Même si les lois ne changent pas, le vécu des gens change. Ainsi, ce n’est pas parce qu’il y a ces lois que les gens n’ont pas des rapports sexuels hors mariage, n’ont pas une vie sexuelle quand ils sont homosexuels, ne commettent pas l’adultère. Ces articles n’empêchent donc pas les Marocains de bénéficier de leur liberté, mais ils les poussent tous et toutes à vivre dans le mensonge et à avoir une double vie : dire publiquement que ça n’existe pas, mais profiter de ces libertés dans la vie intime.

La Vie des Idées : Peut-on dire que la société marocaine, dans les faits, tolère toutes les sexualités ?

Soufiane Hennani : Le problème, c’est que cette vie sexuelle est vécue dans la peur, une peur d’être arrêté tout le temps.

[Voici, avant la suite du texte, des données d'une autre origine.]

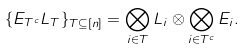Convert formula to latex. <formula><loc_0><loc_0><loc_500><loc_500>\{ E _ { T ^ { c } } L _ { T } \} _ { T \subseteq [ n ] } = \bigotimes _ { i \in T } L _ { i } \otimes \bigotimes _ { i \in T ^ { c } } E _ { i } .</formula> 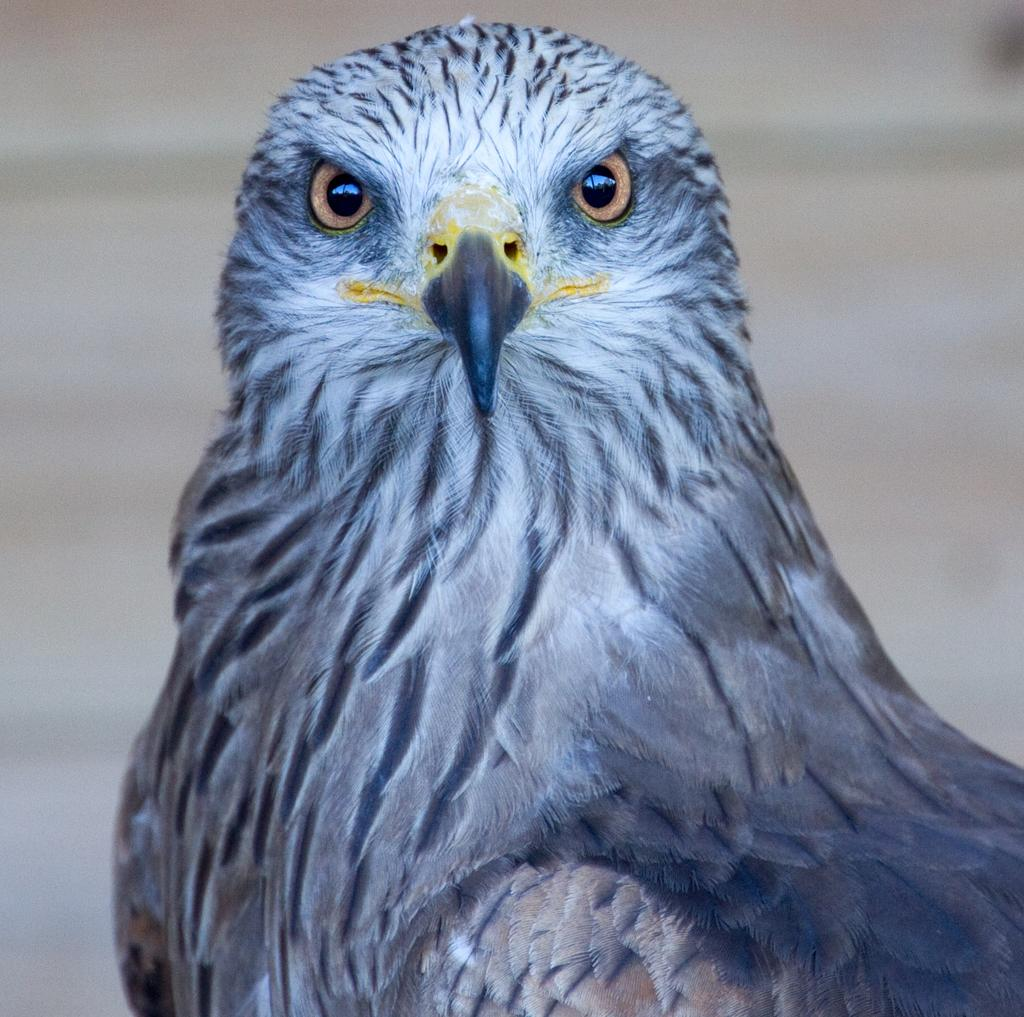What is the main subject in the foreground of the image? There is a bird in the foreground of the image. How would you describe the quality of the background in the image? The image is blurry in the background. What colors can be seen on the bird in the image? The bird has a blue and white coloration. Can you tell me how many friends the actor has in the image? There is no actor or friends present in the image; it features a bird in the foreground. What type of creature is shown interacting with the bird in the image? There is no creature shown interacting with the bird in the image; only the bird is present. 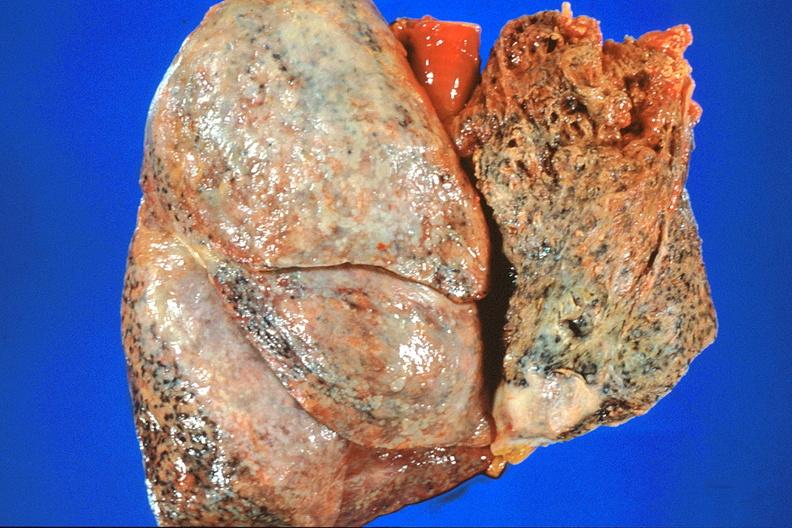s coronary artery present?
Answer the question using a single word or phrase. No

Il y a aussi le fait que ces lois datent d’un autre temps. Elles sont aujourd’hui instrumentalisées par les conservateurs et les islamistes. Malheureusement, les mentalités changent, mais les lois ne veulent pas changer.

Hétérosexuels et homosexuels ont ce point commun qu’ils vivent une vie sexuelle dans la peur, c’est-à-dire qu’ils doivent se cacher pour jouir de leur liberté. Pas au même degré effectivement, parce que, quand on est homosexuel, il y a aussi la honte. On est doublement jugé, par la loi et par le regard de la société. C’est d’ailleurs la même chose pour les femmes hétérosexuelles, alors qu’un homme hétérosexuel qui a une vie sexuelle hors mariage, cela reste accepté, toléré, pardonné par la société.

L’absurdité de l’interdiction de la vie sexuelle au Maroc, c’est aussi le fait qu’elle est fondée sur l’injustice, une injustice qui est aussi économique. Quand on est riche, quand on va dans un hôtel cinq étoiles, même si on est homosexuel, même si on a une relation sexuelle hors mariage, personne ne viendra vous chercher, alors que si on est pauvre… Prenons l’exemple de deux garçons de 17-18 ans qui s’aiment, mais qui n’ont pas le droit d’avoir un espace d’amour pour eux : ils vont à la plage, ils se font un bisou, et là tu as les flics qui viennent les arrêter, les humilier, parfois même les obliger à payer une amende.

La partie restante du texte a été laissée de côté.